• _What you will do_:
Begin your copy at the line with "Your answer should be very brief. Large." in the records below and end it at the line with "Convert formula to", restating each line word for word; omit the pictures.

Stored data entries
*** Block opens ***

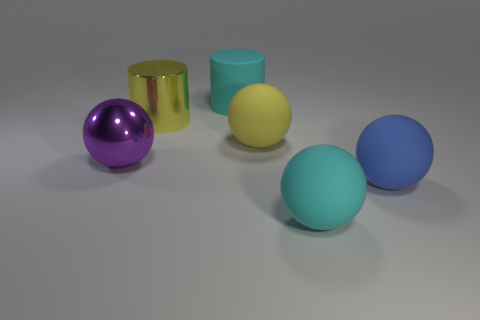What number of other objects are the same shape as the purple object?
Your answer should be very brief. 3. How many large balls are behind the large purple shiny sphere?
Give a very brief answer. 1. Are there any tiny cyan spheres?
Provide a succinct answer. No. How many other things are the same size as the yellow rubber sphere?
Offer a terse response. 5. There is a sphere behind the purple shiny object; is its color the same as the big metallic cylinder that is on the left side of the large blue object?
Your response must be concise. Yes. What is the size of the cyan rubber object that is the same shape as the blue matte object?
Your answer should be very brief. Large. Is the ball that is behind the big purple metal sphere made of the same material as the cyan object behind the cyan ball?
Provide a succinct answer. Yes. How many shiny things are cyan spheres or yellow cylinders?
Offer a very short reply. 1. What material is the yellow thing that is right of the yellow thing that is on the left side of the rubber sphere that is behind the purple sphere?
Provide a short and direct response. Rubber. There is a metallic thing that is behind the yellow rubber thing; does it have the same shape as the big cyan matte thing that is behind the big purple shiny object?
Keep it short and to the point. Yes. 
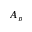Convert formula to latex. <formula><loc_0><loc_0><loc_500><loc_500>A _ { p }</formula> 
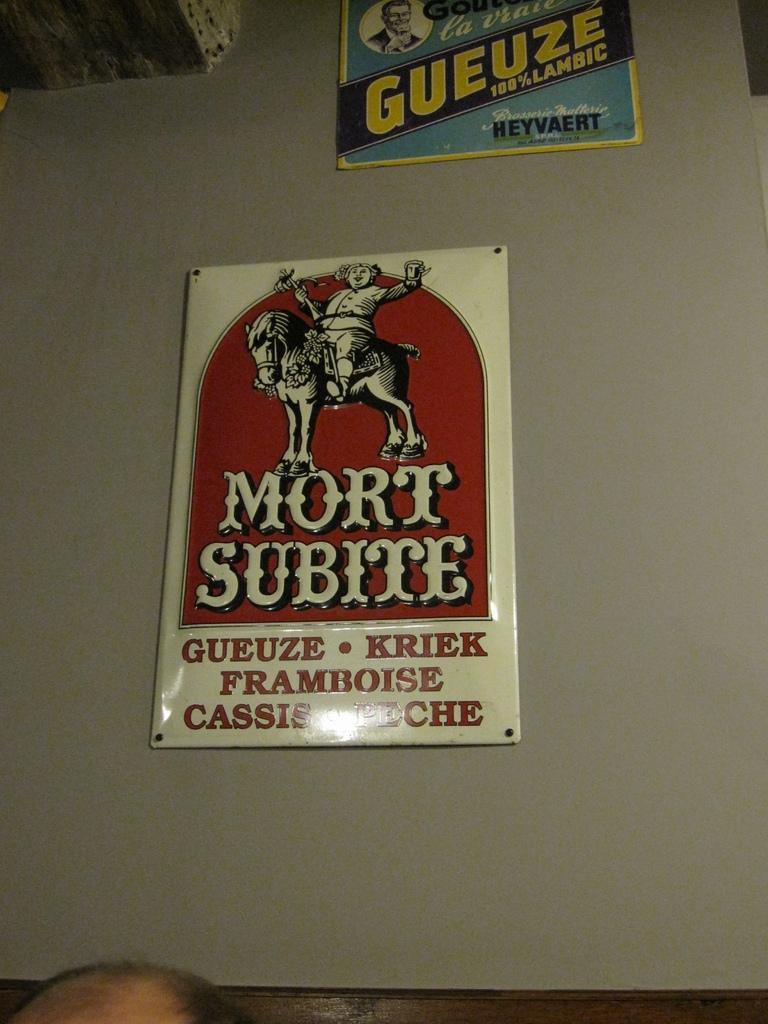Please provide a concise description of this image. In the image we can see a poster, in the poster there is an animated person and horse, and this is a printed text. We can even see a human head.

*** Block closes ***
*** Block opens ***

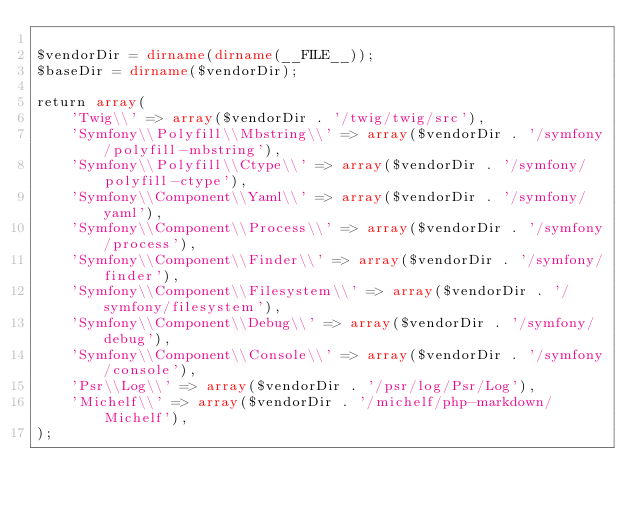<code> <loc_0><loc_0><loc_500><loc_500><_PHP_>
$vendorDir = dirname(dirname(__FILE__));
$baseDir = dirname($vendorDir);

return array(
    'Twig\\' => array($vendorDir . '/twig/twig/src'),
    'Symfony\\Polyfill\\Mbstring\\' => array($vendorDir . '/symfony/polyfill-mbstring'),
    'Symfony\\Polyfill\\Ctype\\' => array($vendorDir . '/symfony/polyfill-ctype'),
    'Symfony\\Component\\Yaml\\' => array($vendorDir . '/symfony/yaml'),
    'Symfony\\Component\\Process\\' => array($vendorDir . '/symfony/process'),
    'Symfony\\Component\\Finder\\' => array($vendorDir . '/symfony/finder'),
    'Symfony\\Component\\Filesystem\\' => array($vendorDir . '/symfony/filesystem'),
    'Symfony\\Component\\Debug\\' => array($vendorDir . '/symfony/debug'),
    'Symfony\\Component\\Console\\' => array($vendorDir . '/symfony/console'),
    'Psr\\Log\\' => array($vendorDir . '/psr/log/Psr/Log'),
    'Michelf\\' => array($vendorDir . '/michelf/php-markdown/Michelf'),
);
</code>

*** Block closes ***

• _Answer_:
Your answer should be very brief. Large. Is the ball that is behind the big purple metal sphere made of the same material as the cyan object behind the cyan ball?
Provide a succinct answer. Yes. How many shiny things are cyan spheres or yellow cylinders?
Offer a very short reply. 1. What material is the yellow thing that is right of the yellow thing that is on the left side of the rubber sphere that is behind the purple sphere?
Provide a short and direct response. Rubber. There is a metallic thing that is behind the yellow rubber thing; does it have the same shape as the big cyan matte thing that is behind the big purple shiny object?
Keep it short and to the point. Yes. 
Convert formula to latex. <formula><loc_0><loc_0><loc_500><loc_500>A _ { p }</formula> 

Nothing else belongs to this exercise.